Measuring impact, not just adoption
Counting mapped units is not the same as building capability. Providers should track progression across selected competences, analyse where learners struggle to move from tool operation to judgement, and ask employers for structured feedback about observed digital behaviours in the first months of employment. Over time, this evidence shows whether the new assessment briefs and learning activities are producing graduates who can locate reliable information, collaborate with purpose, create responsibly, protect people and data, and solve problems in contexts where AI is part of the workflow. As DigComp 3.0 introduces clearer outcome statements, consistency in measurement will improve, and continuous improvement can be anchored in specific competence gains rather than general satisfaction measures.
Timeline and immediate next steps for 2025
The Joint Research Centre’s public timeline gives Australian providers a practical window to act. Over the coming teaching cycles, RTOs can complete diagnostics, refactor a set of exemplar units, build trainer capability in framework interpretation and ethical AI use, and engage advisory committees to test whether learners can demonstrate the competences and levels stated in briefs. Consultation notices are open to international stakeholders, which means Australian voices can contribute to the detail rather than accepting it passively. When the final text arrives, well-prepared providers will be adjusting details rather than rebuilding from scratch, and auditors will see a clear arc from policy to practice.

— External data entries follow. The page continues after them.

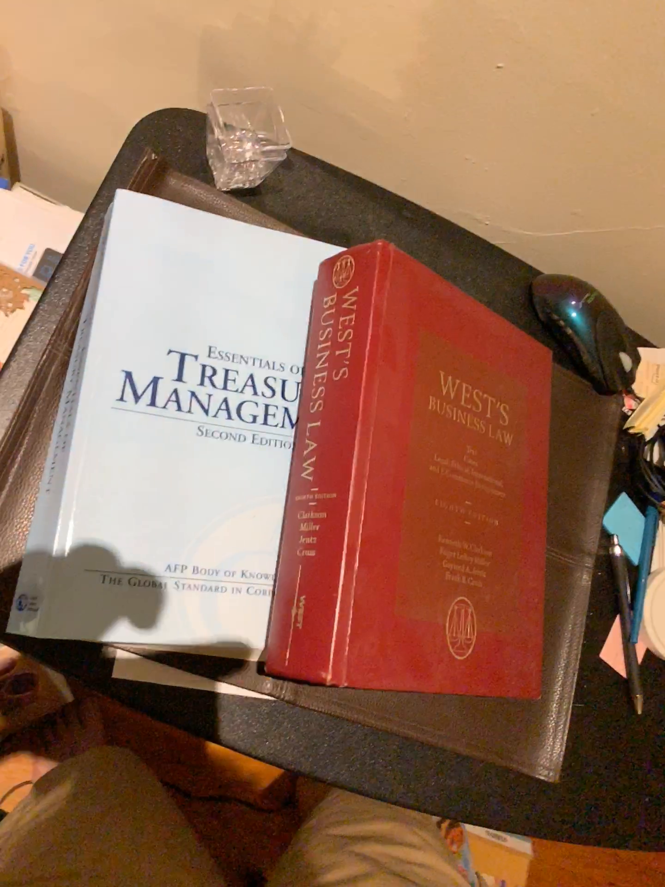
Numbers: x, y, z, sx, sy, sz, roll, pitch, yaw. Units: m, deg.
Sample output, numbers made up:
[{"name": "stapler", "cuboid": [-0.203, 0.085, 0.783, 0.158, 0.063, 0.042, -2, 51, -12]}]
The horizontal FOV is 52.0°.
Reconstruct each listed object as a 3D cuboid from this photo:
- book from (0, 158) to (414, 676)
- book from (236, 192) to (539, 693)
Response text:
[{"name": "book", "cuboid": [-0.075, -0.009, 0.430, 0.220, 0.070, 0.270, 12, 74, -18]}, {"name": "book", "cuboid": [0.055, 0.014, 0.445, 0.210, 0.050, 0.270, 20, 69, -41]}]
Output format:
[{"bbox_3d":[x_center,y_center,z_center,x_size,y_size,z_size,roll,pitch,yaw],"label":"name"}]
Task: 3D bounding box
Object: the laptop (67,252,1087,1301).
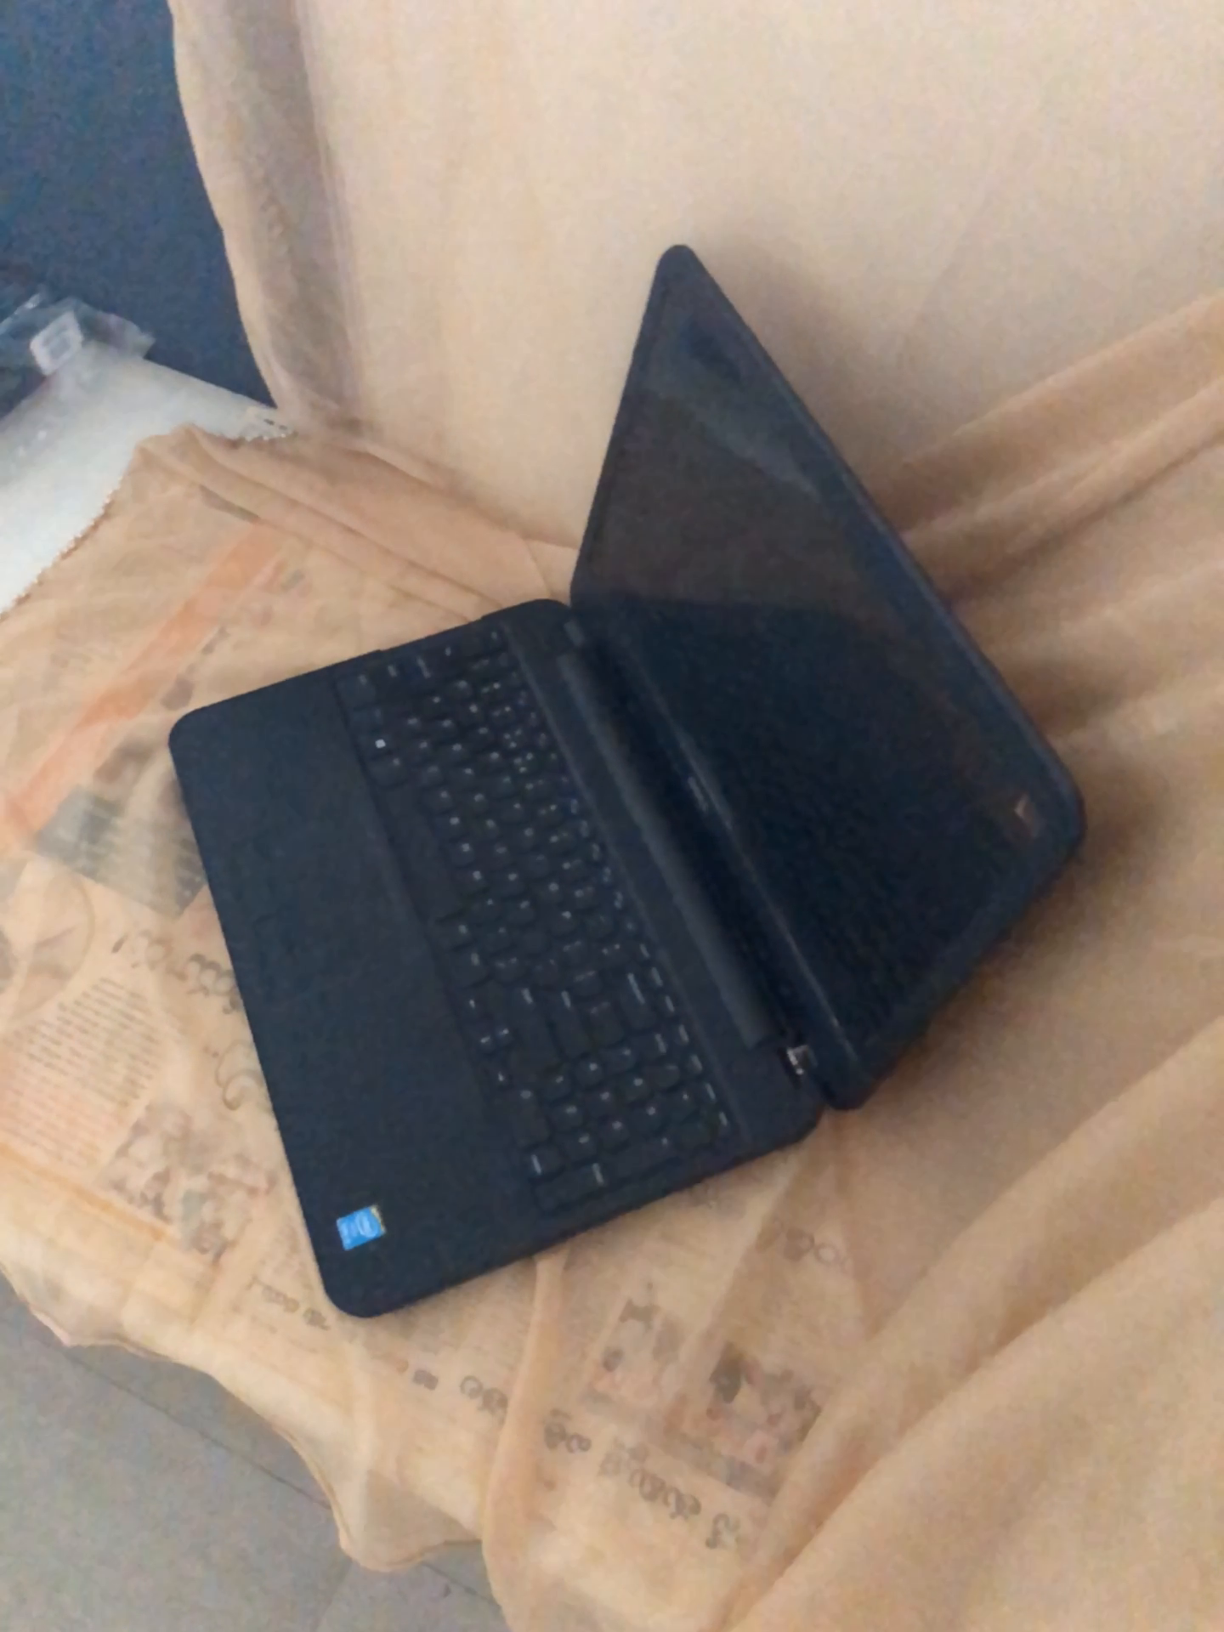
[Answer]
[{"bbox_3d":[-0.039,-0.026,0.635,0.305,0.226,0.349,-19,60,-12],"label":"laptop"}]
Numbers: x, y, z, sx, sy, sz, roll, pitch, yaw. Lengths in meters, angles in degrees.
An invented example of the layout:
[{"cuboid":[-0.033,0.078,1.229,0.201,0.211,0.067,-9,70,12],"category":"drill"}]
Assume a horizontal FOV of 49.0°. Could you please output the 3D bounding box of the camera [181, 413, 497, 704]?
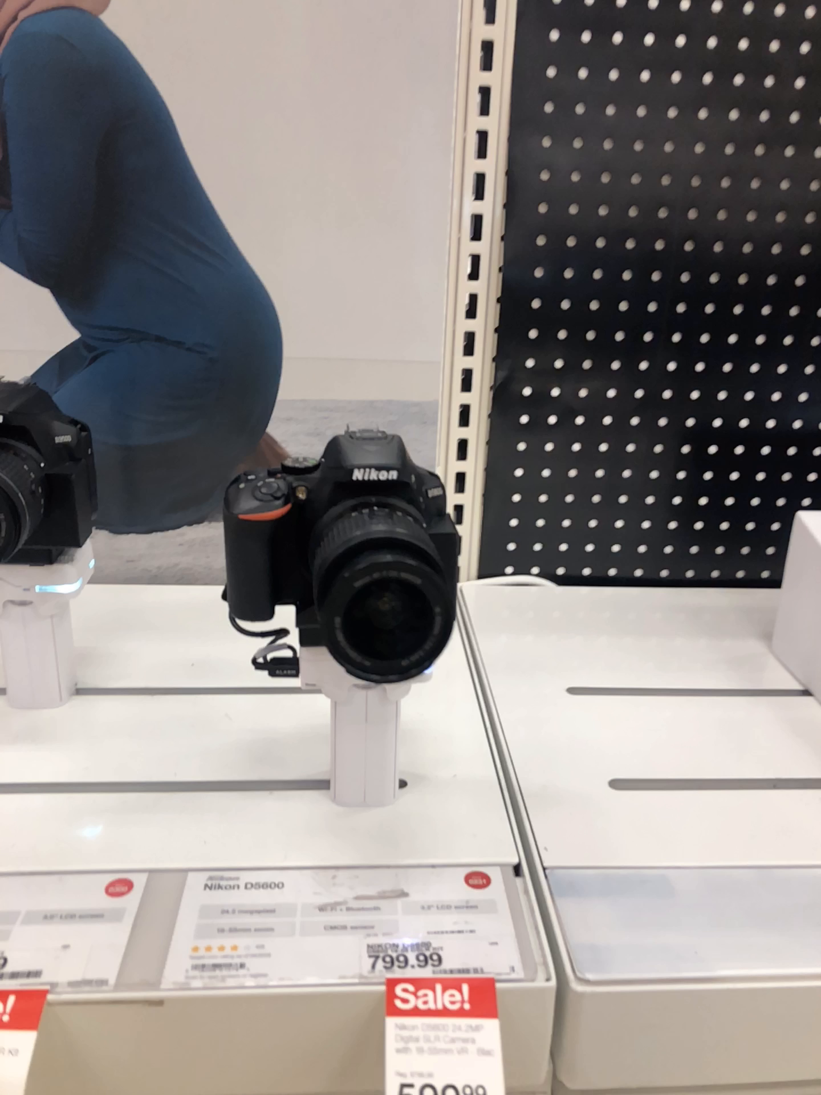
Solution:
[{"cuboid":[-0.038,-0.004,0.467,0.130,0.090,0.171,0,22,-6],"category":"camera"}]

The CAQA view, and the promise behind the mechanics
As auditors, consultants and educators, we see frameworks as tools that help people learn well and work well. DigComp gives a shared vocabulary and a progression ladder that make planning and evidence simpler to discuss across classrooms, boardrooms and audit rooms. Australia’s foundation frameworks give the local grounding that protects equity and participation. Together they allow RTOs to design learning that is flexible, accessible and credible. The task in front of us is to use the months before publication to get our own house in order, to write briefs that name and level competences, to support trainers with practical artefacts, and to invite employers into conversations where capability is described in plain terms. If we do that, learners will not just be ready for a new document, they will be ready for workplaces where judgment and responsibility matter as much as speed and scale. That is the point of DigComp 3.0, and it is why the work belongs on the agenda now.